Example Sequence:(interruption in bold)

ACATTTTTTTTCCACATCTGATGTGGAAAAAAAAAAAAATGAAATAGCTCTCCCTCTCCCTCTCCCTCTCCCTCTCCCTCTCCCTCTCCCTCTCCCTCTCCCTCTCCCTCTCCCTCTCCCTCTCCCTCTCCCTCTCCCTCTCCCTCTCCCTCTCCCTCTCCCTCTCCCTCTCCTCCCTCTCCCTCTCCCCACGGTCTCCCTCTCATGCGGAGCCAAAGCTGGACTGTACTGCT

Strategy 1: Count the CCCTCT motif

grep -on "CCCTCT" fasta.fa | cut -f 1 -d ":" | sort | uniq -c

Output: 23 CCCTCT

As you can see we have one interruption (CCT) in this sequence which the codes doesn't detect.

Strategy 2: Identify reads with the same structure and count repeats in each read

from Bio import SeqIO
from collections import defaultdict

dedup_records = defaultdict(list)
for record in SeqIO.parse("fasta.fa", "fasta"):
    # Use the sequence as the key and then have a list of id's as the value
    dedup_records[str(record.seq)].append(record.id)
with open("Output.fasta", 'w') as output:
    for seq, ids in sorted(dedup_records.items(), key=lambda t: len(t[1]), reverse=True):
        # Join the ids and write them out as the fasta
        output.write(">{}_counts{}\n".format(ids[0], len(ids)))
        output.write(seq + "\n")

Output: list ranking of reads with identical structures but does not show the structure

>ID/ccs_counts2
CCCTCTCCCTCTCCCTCTCCCTCTCCCTCTCCCTCTCCCTCTCCCTCTCCCTCTCCCTCTCCCTCTCCCTCTCCCTCTCCCTCTCCCTCTCCCTCTCCCTCTCCCTCTCCCTCTCCCTCTCCCTCTCCCTCTCCCTCTCCCTCTCCCTCTCCCTCTCCCTCTCCCTCTCCCTCTCCCTCTCCCTCTCCCTCTCCCTCTCCCTCTCCCTCTCCCTCTCCCTCTCCTCCCTCTCCCTCT.....

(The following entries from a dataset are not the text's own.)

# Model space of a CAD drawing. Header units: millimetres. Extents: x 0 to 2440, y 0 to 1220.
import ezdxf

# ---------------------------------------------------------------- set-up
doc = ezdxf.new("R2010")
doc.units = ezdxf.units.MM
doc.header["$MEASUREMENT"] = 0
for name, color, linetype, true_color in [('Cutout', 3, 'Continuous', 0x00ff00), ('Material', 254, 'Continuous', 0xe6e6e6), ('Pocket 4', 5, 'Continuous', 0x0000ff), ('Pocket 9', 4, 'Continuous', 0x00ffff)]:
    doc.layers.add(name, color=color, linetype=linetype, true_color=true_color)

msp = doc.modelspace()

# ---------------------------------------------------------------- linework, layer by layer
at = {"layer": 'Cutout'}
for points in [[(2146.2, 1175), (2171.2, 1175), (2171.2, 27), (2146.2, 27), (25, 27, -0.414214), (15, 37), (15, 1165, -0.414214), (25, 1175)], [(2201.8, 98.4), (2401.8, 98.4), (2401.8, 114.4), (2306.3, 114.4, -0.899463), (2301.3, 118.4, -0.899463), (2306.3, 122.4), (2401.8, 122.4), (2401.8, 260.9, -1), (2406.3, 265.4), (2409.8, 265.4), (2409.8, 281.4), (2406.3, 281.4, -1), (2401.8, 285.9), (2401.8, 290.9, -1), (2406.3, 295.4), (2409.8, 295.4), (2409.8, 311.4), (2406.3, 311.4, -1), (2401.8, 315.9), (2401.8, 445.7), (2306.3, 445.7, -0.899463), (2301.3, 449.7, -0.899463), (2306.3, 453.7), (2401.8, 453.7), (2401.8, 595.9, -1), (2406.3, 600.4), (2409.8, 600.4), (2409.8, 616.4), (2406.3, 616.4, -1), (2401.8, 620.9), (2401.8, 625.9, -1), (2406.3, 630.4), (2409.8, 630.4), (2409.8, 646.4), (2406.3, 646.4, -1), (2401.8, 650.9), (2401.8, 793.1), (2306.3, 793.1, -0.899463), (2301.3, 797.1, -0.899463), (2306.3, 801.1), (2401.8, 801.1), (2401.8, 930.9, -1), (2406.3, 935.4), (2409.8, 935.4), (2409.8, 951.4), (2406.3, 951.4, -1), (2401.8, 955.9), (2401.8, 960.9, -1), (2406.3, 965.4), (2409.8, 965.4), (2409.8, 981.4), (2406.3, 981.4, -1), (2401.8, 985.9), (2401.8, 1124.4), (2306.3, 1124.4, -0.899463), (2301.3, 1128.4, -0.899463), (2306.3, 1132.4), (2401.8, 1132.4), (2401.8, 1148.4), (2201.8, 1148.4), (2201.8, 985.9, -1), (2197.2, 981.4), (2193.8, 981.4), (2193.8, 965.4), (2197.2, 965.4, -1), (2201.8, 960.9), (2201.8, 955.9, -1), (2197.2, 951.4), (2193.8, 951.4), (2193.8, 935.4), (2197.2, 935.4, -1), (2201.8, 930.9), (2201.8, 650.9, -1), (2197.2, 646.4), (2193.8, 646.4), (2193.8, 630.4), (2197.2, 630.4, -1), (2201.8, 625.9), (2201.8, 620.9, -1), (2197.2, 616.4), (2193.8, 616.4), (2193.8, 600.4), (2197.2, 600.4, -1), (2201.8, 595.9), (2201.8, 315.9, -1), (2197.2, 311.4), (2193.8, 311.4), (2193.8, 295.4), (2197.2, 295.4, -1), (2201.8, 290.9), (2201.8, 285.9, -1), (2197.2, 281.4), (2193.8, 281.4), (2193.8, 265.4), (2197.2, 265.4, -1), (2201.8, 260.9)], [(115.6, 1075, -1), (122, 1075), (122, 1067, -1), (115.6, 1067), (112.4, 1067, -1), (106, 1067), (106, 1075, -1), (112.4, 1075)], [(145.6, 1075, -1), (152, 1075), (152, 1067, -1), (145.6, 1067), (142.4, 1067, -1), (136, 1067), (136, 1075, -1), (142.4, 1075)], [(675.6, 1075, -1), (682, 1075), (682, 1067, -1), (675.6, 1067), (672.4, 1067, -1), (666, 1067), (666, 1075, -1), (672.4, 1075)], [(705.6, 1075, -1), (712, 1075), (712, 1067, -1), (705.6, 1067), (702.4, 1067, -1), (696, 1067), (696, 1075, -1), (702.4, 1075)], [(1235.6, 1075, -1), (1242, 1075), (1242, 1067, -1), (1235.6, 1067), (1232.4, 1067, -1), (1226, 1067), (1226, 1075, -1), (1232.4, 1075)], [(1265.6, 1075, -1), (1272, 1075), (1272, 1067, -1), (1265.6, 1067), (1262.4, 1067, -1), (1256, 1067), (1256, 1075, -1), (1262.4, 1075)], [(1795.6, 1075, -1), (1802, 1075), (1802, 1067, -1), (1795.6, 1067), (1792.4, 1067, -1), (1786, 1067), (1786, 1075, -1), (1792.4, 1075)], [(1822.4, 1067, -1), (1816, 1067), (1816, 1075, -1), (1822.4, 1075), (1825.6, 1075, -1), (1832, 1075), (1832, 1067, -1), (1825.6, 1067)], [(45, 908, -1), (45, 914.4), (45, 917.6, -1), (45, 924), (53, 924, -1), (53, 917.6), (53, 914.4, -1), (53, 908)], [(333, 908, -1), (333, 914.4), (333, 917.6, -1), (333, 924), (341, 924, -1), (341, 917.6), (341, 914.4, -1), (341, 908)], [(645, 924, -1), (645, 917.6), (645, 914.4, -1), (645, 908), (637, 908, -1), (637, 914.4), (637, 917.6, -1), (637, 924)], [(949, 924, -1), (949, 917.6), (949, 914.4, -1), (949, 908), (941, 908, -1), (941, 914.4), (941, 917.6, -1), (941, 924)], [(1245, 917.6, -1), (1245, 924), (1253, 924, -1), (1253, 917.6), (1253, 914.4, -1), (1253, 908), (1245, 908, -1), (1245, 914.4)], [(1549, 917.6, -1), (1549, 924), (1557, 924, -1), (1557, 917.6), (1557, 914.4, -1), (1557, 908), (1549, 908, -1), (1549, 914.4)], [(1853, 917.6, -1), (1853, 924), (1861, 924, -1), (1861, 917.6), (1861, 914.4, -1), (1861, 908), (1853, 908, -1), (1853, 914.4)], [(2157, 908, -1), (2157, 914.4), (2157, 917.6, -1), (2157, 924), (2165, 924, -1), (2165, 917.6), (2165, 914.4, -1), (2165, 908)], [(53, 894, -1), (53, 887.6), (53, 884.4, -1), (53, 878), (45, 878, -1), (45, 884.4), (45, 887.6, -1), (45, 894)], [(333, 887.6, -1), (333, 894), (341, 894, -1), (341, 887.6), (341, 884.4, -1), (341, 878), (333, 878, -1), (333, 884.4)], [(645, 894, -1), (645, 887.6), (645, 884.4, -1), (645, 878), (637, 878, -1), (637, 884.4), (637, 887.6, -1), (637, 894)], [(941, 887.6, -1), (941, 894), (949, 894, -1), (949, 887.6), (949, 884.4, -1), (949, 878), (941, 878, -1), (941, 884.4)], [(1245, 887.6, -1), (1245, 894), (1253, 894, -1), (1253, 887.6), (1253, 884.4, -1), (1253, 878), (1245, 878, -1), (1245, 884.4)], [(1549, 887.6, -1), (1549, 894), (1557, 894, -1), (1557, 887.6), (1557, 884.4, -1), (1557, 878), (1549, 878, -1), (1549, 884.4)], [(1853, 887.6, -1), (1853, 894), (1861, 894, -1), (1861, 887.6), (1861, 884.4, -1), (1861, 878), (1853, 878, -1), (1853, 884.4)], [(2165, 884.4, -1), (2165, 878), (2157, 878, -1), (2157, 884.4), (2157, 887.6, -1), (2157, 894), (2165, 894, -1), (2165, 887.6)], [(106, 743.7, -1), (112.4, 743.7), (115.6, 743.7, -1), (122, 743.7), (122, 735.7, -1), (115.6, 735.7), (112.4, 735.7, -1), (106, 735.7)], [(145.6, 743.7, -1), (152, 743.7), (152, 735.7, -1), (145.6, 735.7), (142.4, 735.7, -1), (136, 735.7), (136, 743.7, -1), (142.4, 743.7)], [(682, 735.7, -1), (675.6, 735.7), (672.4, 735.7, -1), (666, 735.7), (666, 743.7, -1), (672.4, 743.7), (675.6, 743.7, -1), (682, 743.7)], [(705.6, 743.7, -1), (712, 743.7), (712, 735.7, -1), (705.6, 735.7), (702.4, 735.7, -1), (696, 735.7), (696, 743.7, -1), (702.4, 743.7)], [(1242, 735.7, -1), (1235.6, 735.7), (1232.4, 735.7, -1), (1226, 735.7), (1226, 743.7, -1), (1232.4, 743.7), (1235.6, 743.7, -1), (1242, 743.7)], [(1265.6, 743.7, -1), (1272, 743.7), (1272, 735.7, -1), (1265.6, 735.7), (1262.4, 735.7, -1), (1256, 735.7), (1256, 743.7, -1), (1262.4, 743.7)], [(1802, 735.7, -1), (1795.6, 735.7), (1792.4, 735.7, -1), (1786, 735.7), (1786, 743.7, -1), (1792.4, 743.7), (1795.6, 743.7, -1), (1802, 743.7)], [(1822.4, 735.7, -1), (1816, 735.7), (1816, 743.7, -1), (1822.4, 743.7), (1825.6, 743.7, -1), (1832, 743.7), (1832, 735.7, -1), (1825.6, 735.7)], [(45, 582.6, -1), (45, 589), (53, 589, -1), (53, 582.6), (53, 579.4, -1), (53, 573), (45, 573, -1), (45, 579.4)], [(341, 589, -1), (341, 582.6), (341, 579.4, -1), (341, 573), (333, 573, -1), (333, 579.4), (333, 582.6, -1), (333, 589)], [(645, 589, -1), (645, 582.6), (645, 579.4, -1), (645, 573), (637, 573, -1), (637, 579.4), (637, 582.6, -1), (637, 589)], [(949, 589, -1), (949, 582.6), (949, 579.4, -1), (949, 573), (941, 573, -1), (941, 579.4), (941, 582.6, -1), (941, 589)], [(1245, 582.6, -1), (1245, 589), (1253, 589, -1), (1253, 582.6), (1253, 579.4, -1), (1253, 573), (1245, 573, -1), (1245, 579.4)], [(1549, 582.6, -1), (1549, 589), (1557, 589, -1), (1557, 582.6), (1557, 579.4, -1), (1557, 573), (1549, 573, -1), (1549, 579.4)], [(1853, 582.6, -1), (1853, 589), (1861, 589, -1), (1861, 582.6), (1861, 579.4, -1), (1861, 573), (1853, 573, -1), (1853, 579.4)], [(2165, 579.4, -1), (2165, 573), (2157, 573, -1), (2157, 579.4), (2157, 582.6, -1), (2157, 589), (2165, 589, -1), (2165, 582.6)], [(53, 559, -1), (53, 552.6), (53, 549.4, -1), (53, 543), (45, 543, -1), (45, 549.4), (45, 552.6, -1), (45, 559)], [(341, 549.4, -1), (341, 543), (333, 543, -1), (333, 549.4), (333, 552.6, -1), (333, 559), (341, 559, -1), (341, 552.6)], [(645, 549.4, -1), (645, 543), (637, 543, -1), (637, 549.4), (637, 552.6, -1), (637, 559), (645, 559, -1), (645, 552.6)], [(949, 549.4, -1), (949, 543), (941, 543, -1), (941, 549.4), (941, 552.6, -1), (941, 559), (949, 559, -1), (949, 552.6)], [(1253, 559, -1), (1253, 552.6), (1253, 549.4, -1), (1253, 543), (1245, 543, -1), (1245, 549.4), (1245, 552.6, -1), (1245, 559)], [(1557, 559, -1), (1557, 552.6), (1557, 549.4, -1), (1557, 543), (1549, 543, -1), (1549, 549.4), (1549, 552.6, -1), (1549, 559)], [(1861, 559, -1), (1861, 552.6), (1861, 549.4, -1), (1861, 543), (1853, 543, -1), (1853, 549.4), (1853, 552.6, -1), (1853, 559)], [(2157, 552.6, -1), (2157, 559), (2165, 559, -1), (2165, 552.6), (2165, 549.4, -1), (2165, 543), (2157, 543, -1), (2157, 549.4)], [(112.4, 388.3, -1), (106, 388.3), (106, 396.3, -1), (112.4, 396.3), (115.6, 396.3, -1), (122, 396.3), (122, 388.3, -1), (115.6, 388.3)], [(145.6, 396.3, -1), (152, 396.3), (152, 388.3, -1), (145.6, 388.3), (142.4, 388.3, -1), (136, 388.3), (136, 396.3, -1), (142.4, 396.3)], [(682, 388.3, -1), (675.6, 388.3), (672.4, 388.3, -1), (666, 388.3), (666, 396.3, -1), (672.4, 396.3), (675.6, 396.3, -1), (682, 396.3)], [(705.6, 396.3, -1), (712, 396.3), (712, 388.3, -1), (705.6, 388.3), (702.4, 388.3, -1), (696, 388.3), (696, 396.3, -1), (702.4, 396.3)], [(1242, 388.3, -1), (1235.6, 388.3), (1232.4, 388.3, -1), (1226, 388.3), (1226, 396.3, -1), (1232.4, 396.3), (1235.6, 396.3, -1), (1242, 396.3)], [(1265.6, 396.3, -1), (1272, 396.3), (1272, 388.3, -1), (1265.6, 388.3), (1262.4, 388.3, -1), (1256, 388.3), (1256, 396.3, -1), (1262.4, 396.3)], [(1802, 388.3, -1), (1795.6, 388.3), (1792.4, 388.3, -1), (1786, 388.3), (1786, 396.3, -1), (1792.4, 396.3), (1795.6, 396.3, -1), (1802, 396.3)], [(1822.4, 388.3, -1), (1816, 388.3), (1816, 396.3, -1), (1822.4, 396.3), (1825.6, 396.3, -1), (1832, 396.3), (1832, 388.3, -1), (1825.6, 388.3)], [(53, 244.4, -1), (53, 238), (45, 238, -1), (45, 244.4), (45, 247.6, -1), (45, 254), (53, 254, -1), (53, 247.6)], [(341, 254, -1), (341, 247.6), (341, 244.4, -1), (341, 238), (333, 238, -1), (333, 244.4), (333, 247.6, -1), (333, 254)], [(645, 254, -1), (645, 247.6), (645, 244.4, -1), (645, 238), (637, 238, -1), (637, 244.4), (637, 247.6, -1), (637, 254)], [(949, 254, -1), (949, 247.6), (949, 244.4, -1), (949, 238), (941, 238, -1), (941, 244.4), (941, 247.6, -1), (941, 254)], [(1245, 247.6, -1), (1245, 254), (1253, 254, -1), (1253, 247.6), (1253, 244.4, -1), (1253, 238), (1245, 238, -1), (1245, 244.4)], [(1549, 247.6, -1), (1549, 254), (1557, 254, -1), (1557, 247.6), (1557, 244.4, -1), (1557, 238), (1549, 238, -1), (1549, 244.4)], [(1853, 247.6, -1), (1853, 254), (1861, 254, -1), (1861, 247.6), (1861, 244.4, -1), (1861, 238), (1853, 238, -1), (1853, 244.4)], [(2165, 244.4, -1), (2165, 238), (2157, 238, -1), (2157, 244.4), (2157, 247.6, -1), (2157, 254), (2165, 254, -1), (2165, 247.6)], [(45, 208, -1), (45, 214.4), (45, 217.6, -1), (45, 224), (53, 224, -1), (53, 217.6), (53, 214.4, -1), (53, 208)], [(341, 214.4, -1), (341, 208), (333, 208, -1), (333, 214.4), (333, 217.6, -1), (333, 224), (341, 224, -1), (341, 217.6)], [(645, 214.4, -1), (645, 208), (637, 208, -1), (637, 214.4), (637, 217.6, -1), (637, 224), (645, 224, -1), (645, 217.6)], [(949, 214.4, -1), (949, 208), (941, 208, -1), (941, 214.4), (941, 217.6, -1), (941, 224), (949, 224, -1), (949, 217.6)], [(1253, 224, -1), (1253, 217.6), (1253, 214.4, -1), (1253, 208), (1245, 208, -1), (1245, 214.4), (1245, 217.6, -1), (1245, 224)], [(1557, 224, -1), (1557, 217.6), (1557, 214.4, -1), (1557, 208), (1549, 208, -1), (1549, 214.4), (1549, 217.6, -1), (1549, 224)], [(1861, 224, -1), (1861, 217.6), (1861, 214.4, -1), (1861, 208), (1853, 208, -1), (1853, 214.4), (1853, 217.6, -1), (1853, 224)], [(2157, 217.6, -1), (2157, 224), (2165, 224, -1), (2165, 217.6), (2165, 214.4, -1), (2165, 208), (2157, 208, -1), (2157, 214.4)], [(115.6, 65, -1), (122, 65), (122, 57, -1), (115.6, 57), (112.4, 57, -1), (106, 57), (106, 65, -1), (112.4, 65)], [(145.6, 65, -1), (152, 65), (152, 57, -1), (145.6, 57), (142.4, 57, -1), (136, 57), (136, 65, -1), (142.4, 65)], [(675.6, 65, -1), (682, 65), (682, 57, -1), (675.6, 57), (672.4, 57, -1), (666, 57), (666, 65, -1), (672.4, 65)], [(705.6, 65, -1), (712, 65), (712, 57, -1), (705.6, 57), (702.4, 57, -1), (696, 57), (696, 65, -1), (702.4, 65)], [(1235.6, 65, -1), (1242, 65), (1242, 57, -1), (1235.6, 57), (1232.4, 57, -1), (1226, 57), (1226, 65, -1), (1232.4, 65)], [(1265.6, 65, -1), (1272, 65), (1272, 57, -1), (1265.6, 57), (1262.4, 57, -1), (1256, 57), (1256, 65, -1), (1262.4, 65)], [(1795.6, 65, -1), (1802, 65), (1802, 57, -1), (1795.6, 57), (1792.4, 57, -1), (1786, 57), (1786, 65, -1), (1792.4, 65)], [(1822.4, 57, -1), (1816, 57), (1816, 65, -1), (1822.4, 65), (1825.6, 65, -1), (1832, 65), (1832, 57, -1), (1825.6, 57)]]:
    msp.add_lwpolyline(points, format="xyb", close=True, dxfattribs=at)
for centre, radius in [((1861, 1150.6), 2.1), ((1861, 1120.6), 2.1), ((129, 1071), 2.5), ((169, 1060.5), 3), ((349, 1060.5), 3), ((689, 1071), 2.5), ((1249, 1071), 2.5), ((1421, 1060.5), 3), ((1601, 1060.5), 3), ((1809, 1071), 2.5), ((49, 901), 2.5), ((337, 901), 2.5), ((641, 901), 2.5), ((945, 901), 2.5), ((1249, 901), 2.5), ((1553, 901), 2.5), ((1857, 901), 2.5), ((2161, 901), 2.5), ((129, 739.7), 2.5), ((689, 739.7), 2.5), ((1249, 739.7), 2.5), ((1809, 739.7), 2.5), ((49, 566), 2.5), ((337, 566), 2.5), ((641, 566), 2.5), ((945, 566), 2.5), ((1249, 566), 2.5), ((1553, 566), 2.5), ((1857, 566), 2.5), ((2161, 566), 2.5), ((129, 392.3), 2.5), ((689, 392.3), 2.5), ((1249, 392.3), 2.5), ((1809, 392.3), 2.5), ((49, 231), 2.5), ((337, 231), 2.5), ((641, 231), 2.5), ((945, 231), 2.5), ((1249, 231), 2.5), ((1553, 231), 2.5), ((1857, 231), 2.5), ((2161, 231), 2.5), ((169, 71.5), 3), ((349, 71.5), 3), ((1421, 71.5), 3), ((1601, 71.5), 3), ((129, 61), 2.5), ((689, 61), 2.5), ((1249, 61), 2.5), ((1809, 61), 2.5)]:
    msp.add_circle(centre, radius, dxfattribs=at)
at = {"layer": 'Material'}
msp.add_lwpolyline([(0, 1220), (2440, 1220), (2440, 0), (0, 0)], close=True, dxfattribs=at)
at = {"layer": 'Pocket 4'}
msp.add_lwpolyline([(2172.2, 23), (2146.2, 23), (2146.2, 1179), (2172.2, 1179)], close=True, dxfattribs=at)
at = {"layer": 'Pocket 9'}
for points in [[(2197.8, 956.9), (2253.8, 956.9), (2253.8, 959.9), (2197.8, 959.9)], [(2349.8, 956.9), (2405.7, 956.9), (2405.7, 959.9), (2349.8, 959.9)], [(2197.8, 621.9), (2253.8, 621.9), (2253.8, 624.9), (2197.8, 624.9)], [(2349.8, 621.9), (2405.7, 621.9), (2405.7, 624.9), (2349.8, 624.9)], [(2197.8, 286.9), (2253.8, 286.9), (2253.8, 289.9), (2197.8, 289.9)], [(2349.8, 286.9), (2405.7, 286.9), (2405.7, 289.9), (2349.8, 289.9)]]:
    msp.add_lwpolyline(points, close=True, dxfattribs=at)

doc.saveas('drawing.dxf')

Can you please give me an idea of how to obtain the following output? example of a sequence of 23 hexamers with interruptions.

(CCCTCT)20 [INTERRUPTION] (CCCTCT)3

I have used expansion hunter, repeatFinder and repeatAnalysis-tool by PacBio but they were not particularly sensitive for this case. Any help would be appreciated.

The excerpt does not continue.